The neuropsychiatric burden of the COVID-19 pandemic is likely to be significant, warns a paper published online in the journal Brain, Behavior, and Immunity.
“Past pandemics have demonstrated that diverse types of neuropsychiatric symptoms, such as encephalopathy, mood changes, psychosis, neuromuscular dysfunction or demyelinating processes, may accompany acute viral infection, or may follow infection by weeks, months, or longer in recovered patients,” wrote senior author Suzi Hong, PhD, and coauthors Emily Troyer, MD, and Jordan Kohn, PhD, from the University of California San Diego School of Medicine.
Consequently, the researchers call for longitudinal monitoring of COVID-19 patients throughout their lifetime to understand the direct impact of the SARS-CoV-2 virus, which causes COVID-19, on the brain and behavior.
Following influenza pandemics in the 18th and 19th centuries, reports of neuropsychiatric symptoms such as insomnia, anxiety, depression, mania, suicidality, and delirium increased, researchers noted. Meanwhile, more recent viral outbreaks, including SARS-CoV-1 in 2003, H1N1 in 2009, and MERS-CoV in 2012, coincided with increased reports of narcolepsy, seizures, encephalitis, Guillain-Barre syndrome, and other neuromuscular and demyelinating conditions.
“Reports are already surfacing of acute central nervous system-associated symptoms in individuals affected by COVID-19,” said Dr. Hong, such as increased incidence of stroke in severely infected patients in Wuhan, China. Delirium and diminished smell and taste, too, have been reported.

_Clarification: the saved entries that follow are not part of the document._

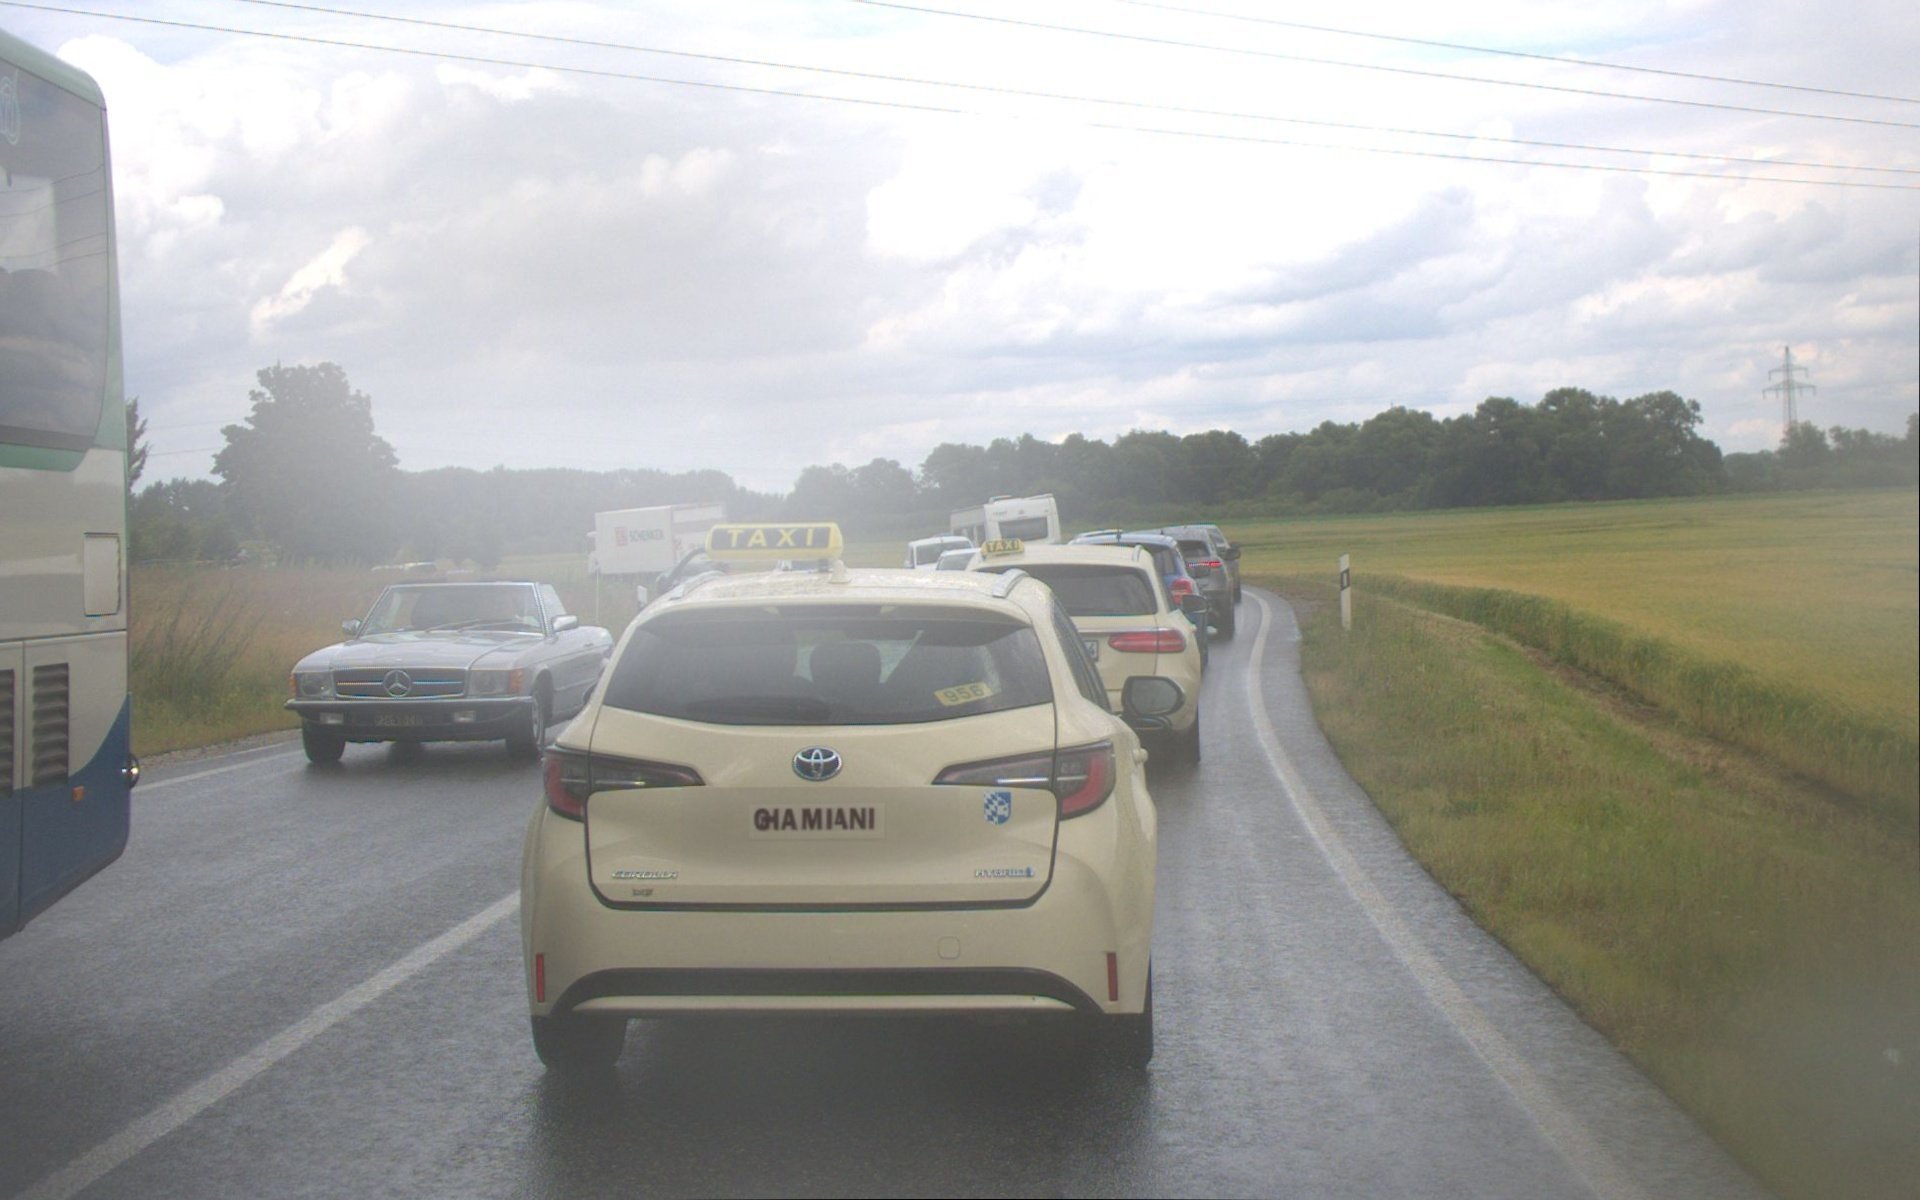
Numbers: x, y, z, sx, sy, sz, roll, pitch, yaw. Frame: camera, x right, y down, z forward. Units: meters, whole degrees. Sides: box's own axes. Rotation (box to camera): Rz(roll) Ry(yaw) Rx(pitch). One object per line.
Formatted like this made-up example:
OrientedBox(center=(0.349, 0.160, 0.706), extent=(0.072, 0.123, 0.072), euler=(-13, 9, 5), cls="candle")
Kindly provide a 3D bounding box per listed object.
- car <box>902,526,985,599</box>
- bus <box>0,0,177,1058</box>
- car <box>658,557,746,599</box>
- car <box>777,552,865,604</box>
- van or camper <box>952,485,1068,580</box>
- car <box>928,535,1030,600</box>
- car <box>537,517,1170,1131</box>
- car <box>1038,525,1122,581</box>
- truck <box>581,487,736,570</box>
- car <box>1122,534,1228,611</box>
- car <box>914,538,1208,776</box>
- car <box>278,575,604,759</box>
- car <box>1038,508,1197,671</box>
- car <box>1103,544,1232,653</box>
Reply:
OrientedBox(center=(-0.464, -0.974, 89.321), extent=(1.844, 1.849, 4.447), euler=(0, 1, -4), cls="car")
OrientedBox(center=(-4.152, -0.261, 5.742), extent=(2.758, 3.286, 12.503), euler=(0, 1, 0), cls="bus")
OrientedBox(center=(-9.465, -0.794, 125.952), extent=(1.848, 1.443, 4.091), euler=(-3, 1, -25), cls="car")
OrientedBox(center=(-4.566, -0.721, 112.392), extent=(1.848, 1.626, 4.536), euler=(-2, 1, -16), cls="car")
OrientedBox(center=(1.531, -2.120, 107.989), extent=(2.536, 2.886, 6.745), euler=(0, 1, -9), cls="van or camper")
OrientedBox(center=(0.385, -0.709, 74.950), extent=(1.844, 1.383, 4.288), euler=(0, 1, -5), cls="car")
OrientedBox(center=(-0.202, 0.575, 10.635), extent=(1.613, 1.557, 3.738), euler=(0, 0, 2), cls="car")
OrientedBox(center=(3.201, -1.245, 92.238), extent=(1.783, 1.408, 3.739), euler=(0, 0, -6), cls="car")
OrientedBox(center=(-12.414, -2.859, 140.758), extent=(3.013, 3.198, 8.233), euler=(0, 0, -31), cls="truck")
OrientedBox(center=(4.142, -0.503, 65.850), extent=(1.960, 1.408, 4.391), euler=(0, 0, 4), cls="car")
OrientedBox(center=(0.771, 0.320, 23.856), extent=(1.841, 1.487, 4.608), euler=(0, 1, 3), cls="car")
OrientedBox(center=(-3.750, 0.442, 25.458), extent=(1.719, 1.247, 4.000), euler=(0, 0, 1), cls="car")
OrientedBox(center=(1.697, -0.102, 36.909), extent=(1.613, 1.653, 3.738), euler=(0, 0, 3), cls="car")
OrientedBox(center=(2.851, -0.015, 46.699), extent=(1.613, 1.408, 3.737), euler=(0, 0, 5), cls="car")

Although currently unknown, the neuropsychiatric consequences of COVID-19 will likely be substantial and last years, according to the article. Researchers urged long-term monitoring of people exposed to SARS-CoV-2, including individuals exposed in utero, to better understand and mitigate the effects of the virus.
“We will need to do this at different points in their lives, for years to come, to fully appreciate this pandemic’s effects on neuropsychiatric outcomes for differing age groups,” said Dr. Hong, “and how to better prepare for pandemics to come.”
Troyer EA, Kohn JN, Hong S. Are we facing a crashing wave of neuropsychiatric sequelae of COVID-19? Neuropsychiatric symptoms and potential immunologic mechanisms. Brain, Behavior, and Immunity. 2020 April 13;[Epub ahead of print].